Homemade Argon Laser
A Tentative Design
The following pictures (click on any picture or diagram for a larger view) illustrate what I hope will be a working argon laser. However, I have serious doubts that this initial design will survive completion. My concern is that I will be unable to completely remove all oil and dirt residue as a result of the drilling and machining of the individual parts involved. Unlike my CO2 laser, a pulsed argon laser will likely require that the plasma tube be free of contaminants - especially oil and dirt.
Two aluminum blocks seperated by narrow glass tubing
The glass tubing was obtained from a cold cathode lamp, removed from the inside of a computer monitor. The aluminum blocks were prepared by combining individual pieces of 1" x 1" x 1/4" aluminum squares.
More on tubing
Cold cathode lamp tubing is a convenient supply for such a laser. The tubing has a narrow bore (1mm, 2mm?), which makes it easy to obtain high current density when charges are passed through it. This tubing is also paper thin. Although not an issue when pulses are adequately spaced, the thin walls of this tubing would be ideal in a design where cooling is required. The disadvangage is that it is harder to keep the tubing straight, especially in longer sections: by comparison, thicker walls would prevent this tubing from flexing or bending.
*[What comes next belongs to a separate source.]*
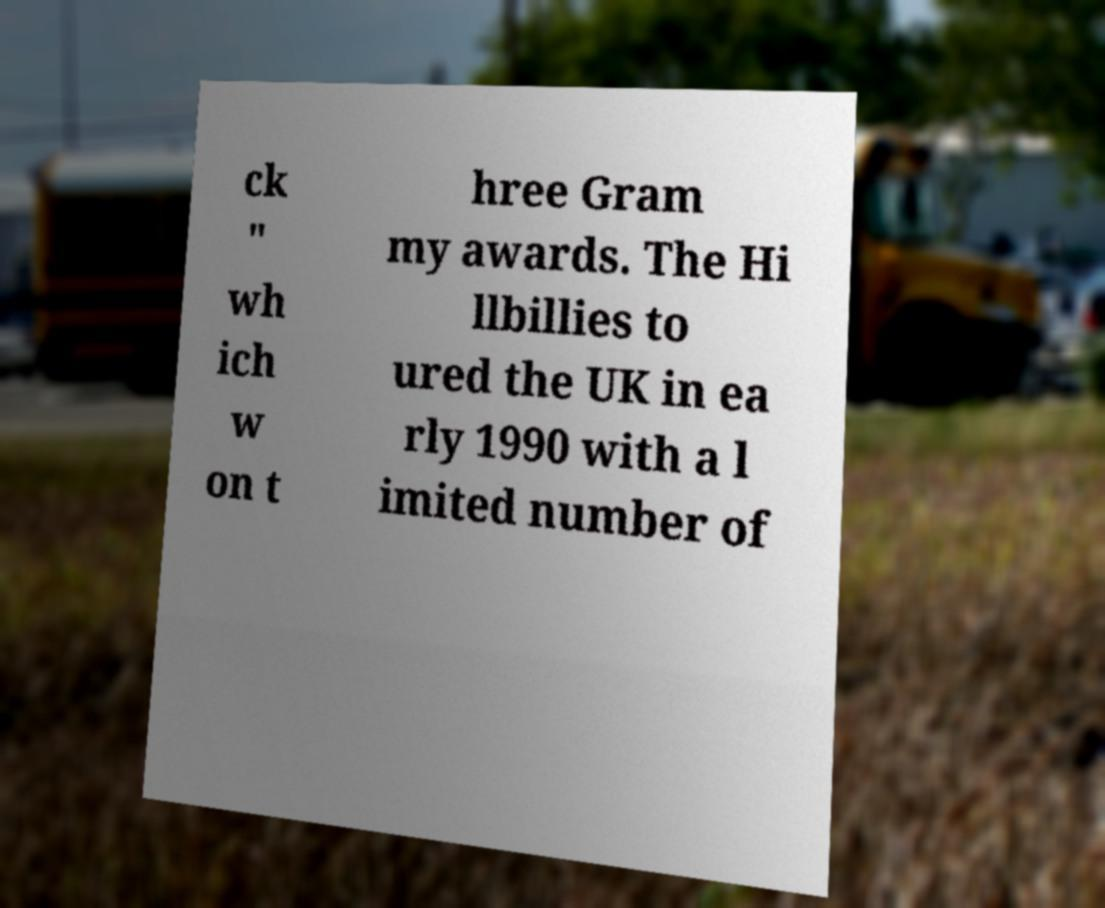Can you read and provide the text displayed in the image?This photo seems to have some interesting text. Can you extract and type it out for me? ck " wh ich w on t hree Gram my awards. The Hi llbillies to ured the UK in ea rly 1990 with a l imited number of 
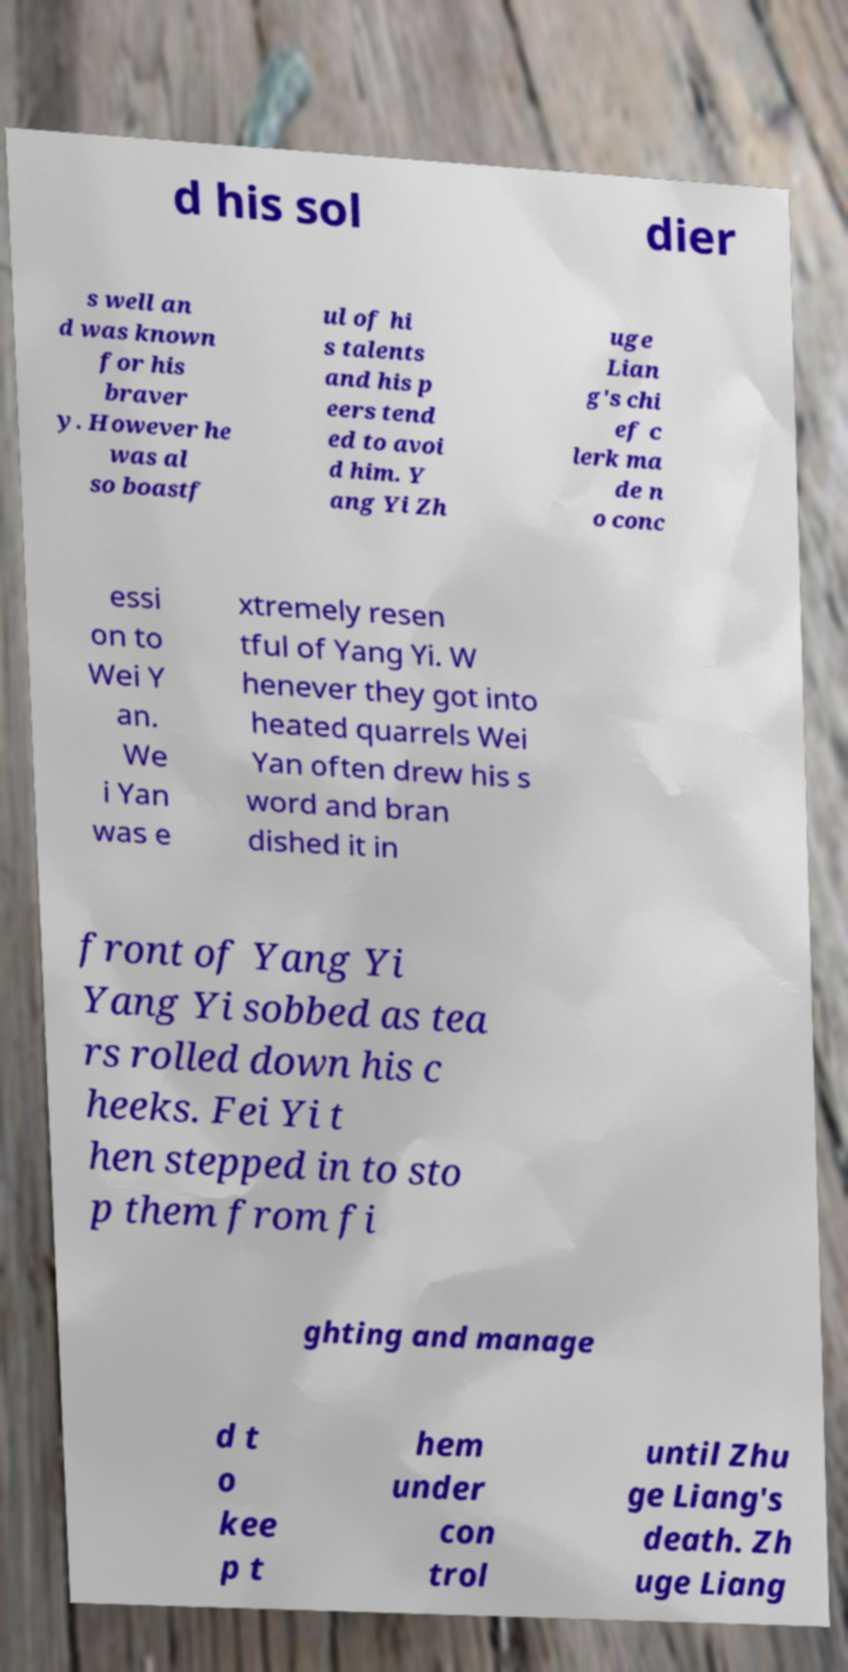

Aluminum blocks, and their purpose
The aluminum blocks serve as both electrodes and support structure for the laser tube and related parts. A hose barb is to be mounted onto the blocks, under which holes are to be strategically drilled in order to provide a path into the laser plasma. By using these hose barbs, air can be removed from the tube and replaced with argon gas. The blocks not only serve as a support structure for the hose barbs and plasma tube, but also for the adjustable mirror mounts. As with my CO2 laser, the mirror mounts will use O-rings to enable movement needed to adjust and align the resorator, and to seal the tube so that the active gas fill can be contained and sealed from the outside atmosphere. Personally, I cannot forsee any reason why I would want to mess with Brewster windows (at least not at this stage). I'm not concerned with having a polarized output. Although optimized for transmission, real world Brewster windows still present some loss. As far as I'm concerned, it's an unecessary standard with which to burden myself. Ion bombardment and sputtering can damage internal mirrors in a design like I am planning to attempt. I hope to minimize such damage, however, by maximizing the surface area over which the electrodes are exposed to the tube interior. Aside from providing support for the fragile tubing, this is another reason why I combined several pieces of aluminum to make a large block for the electrodes.